Scottish post-punk band

The Wake are a British post-punk, synth-pop and later indie pop band, formed in Glasgow in 1981 by Gerard "Caesar" McInulty (formerly of Altered Images), Steven Allen (drums) and Joe Donnelly (bass guitar), the latter replaced by Bobby Gillespie. Steven's sister Carolyn Allen also joined on keyboards, and remained in the band thereafter. Gillespie left the band in 1983, replaced by Martin Cunning and then by Alexander 'Mac' Macpherson.

==History==
The Wake formed in 1981. The singer-guitarist Caesar, aka Gerard McInulty, had been an original member of Altered Images but quit after they signed to CBS. Other members included drummer Steven Allen, singer-keyboardist Carolyn Allen, and bassist Joe Donnelly. Donelly was quickly replaced by Bobby Gillespie.

The Wake released their first single on their own label Scan Records, coupling together "On Our Honeymoon" and "Give Up". This single eventually caught the attention of New Order manager Rob Gretton, who helped the band sign to Factory Records in 1982 and record an LP (Harmony) at Strawberry Studios in Stockport. This was followed by a number of singles on Factory and its Belgian sister label Factory Benelux.

In 1983, The Wake toured with New Order, and thus received critical attention but were often unfavourably compared to their more celebrated labelmates. Gillespie was asked to leave in 1983, subsequently playing drums with The Jesus and Mary Chain and achieving fame with his own band Primal Scream. After a short-lived stint with McInulty's ex-classmate Martin Cunning on bass, Alexander 'Mac' Macpherson permanently replaced Gillespie. That same year the band recorded a session on John Peel's BBC Radio 1 programme and David 'Kid' Jensen's BBC radio 1 show.

The band toured extensively and scored an indie hit with their 1984 single "Talk About The Past" which featured Vini Reilly of Durutti Column on piano.

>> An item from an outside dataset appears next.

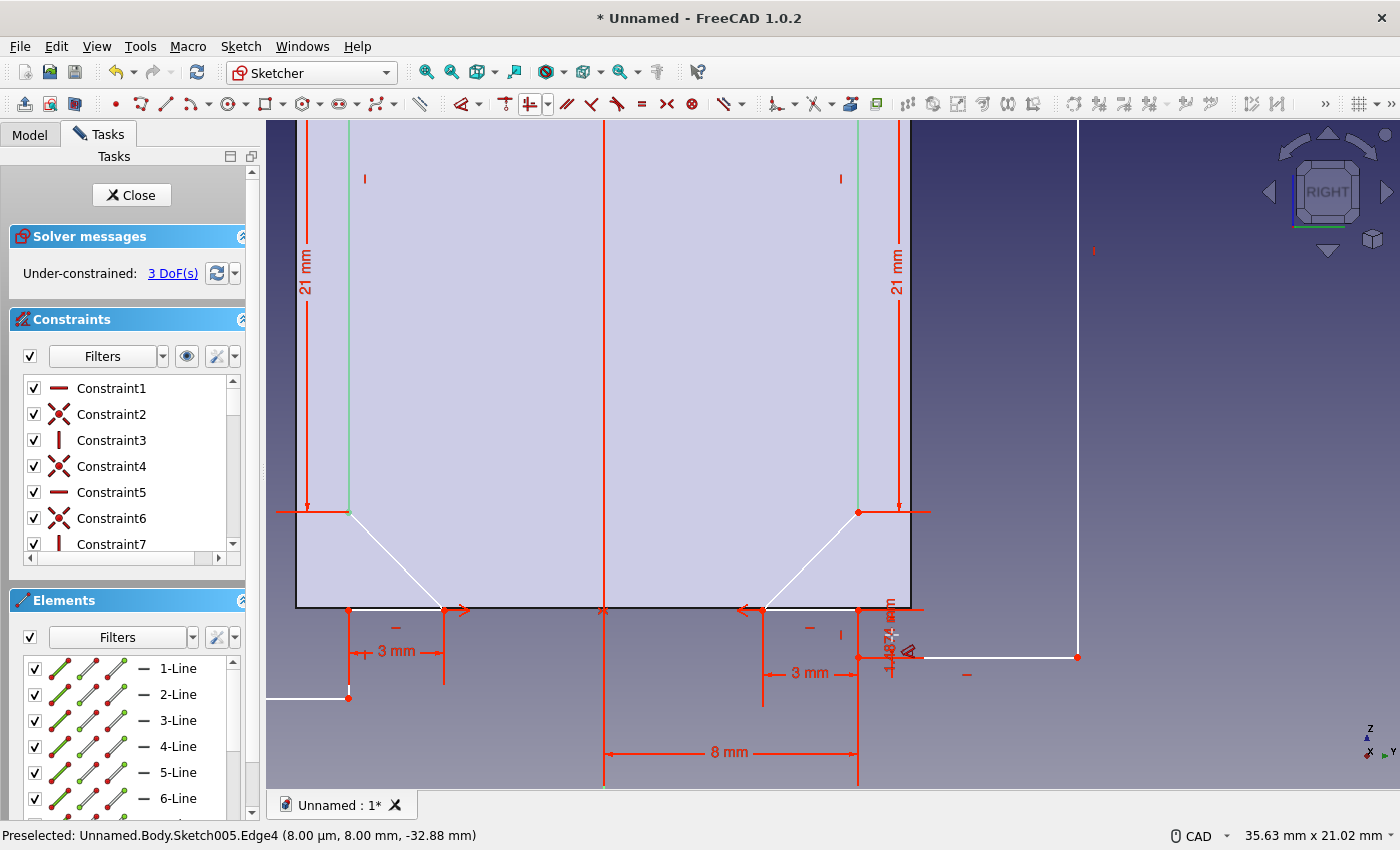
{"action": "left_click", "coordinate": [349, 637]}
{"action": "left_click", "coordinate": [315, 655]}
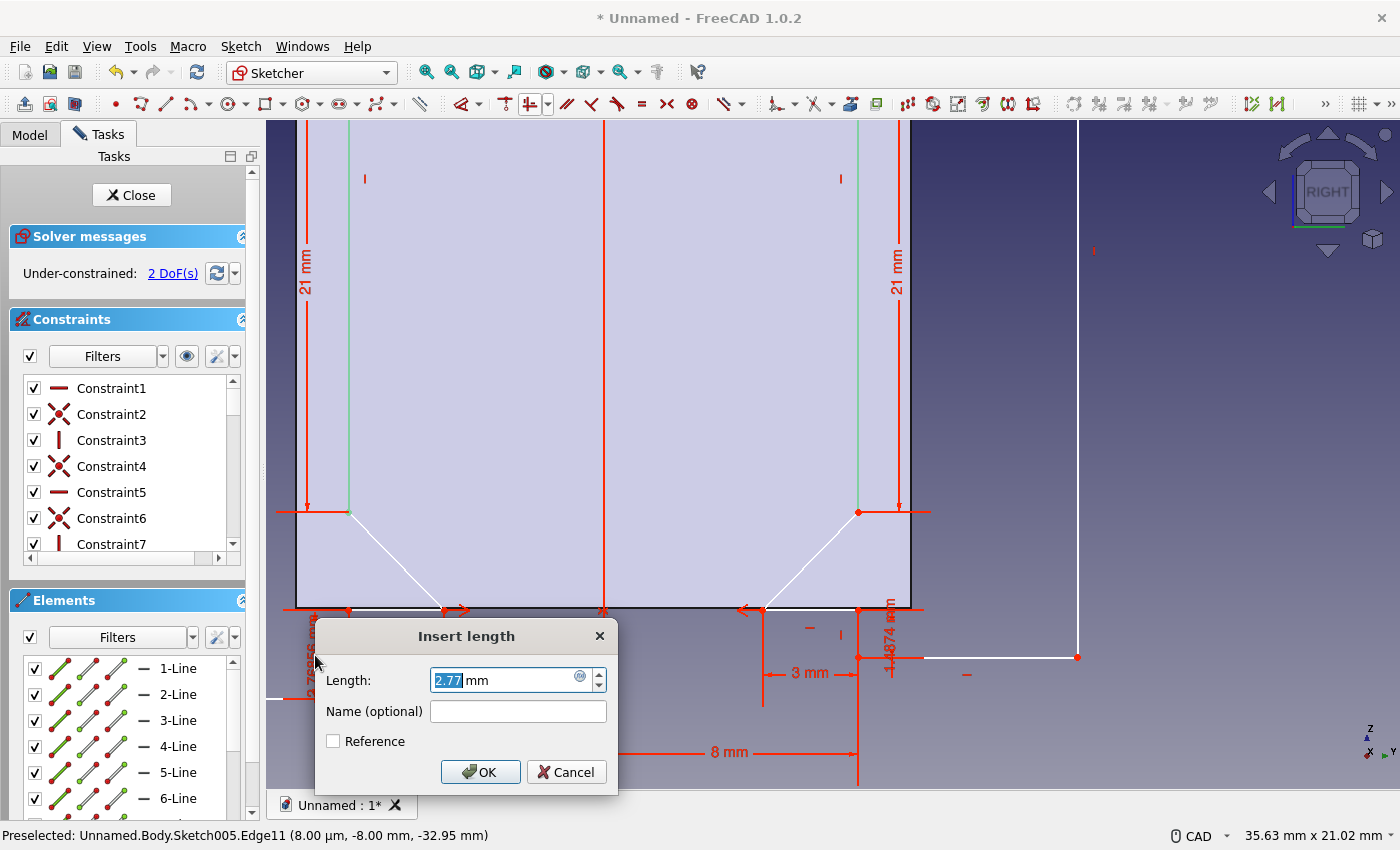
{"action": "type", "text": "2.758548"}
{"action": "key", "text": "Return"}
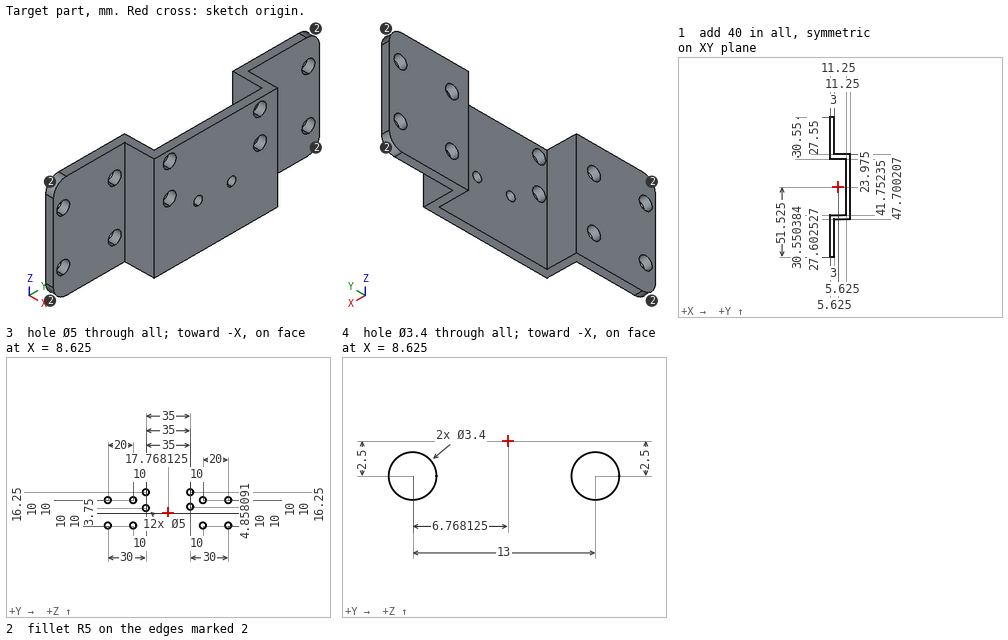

The recording and release of their seminal 1985 album Here Comes Everybody marked the apex of their career. Macpherson left the band after the release. Instead of replacing him, Caesar recorded the bass parts in the studio and the band hired stand-ins for their rare live gigs.

Further releases were few and far between: one more single "Of The Matter" emerged in 1985 before their last release for Factory, a 4-track EP entitled "Something That No One Else Could Bring" finally appeared in 1987.

In 1988, disillusioned with the lack of proper promotion and indeed apathy from Factory Records, The Wake left the label and signed to Bristol's legendary Sarah Records, releasing two singles and two LPs, the last being 1994's Tidal Wave of Hype. By this point, once again down to a three piece featuring McInulty, Allen and Allen, they also shared personnel with another Glasgow-based band on Sarah, The Orchids, with whom they had also played a few live gigs. Orchids members Matthew Drummond and James Moody joined them for recording and live performances.

In October 1989 the Wake released "Crush the Flowers". This was followed by their third album, Make It Loud, in 1990.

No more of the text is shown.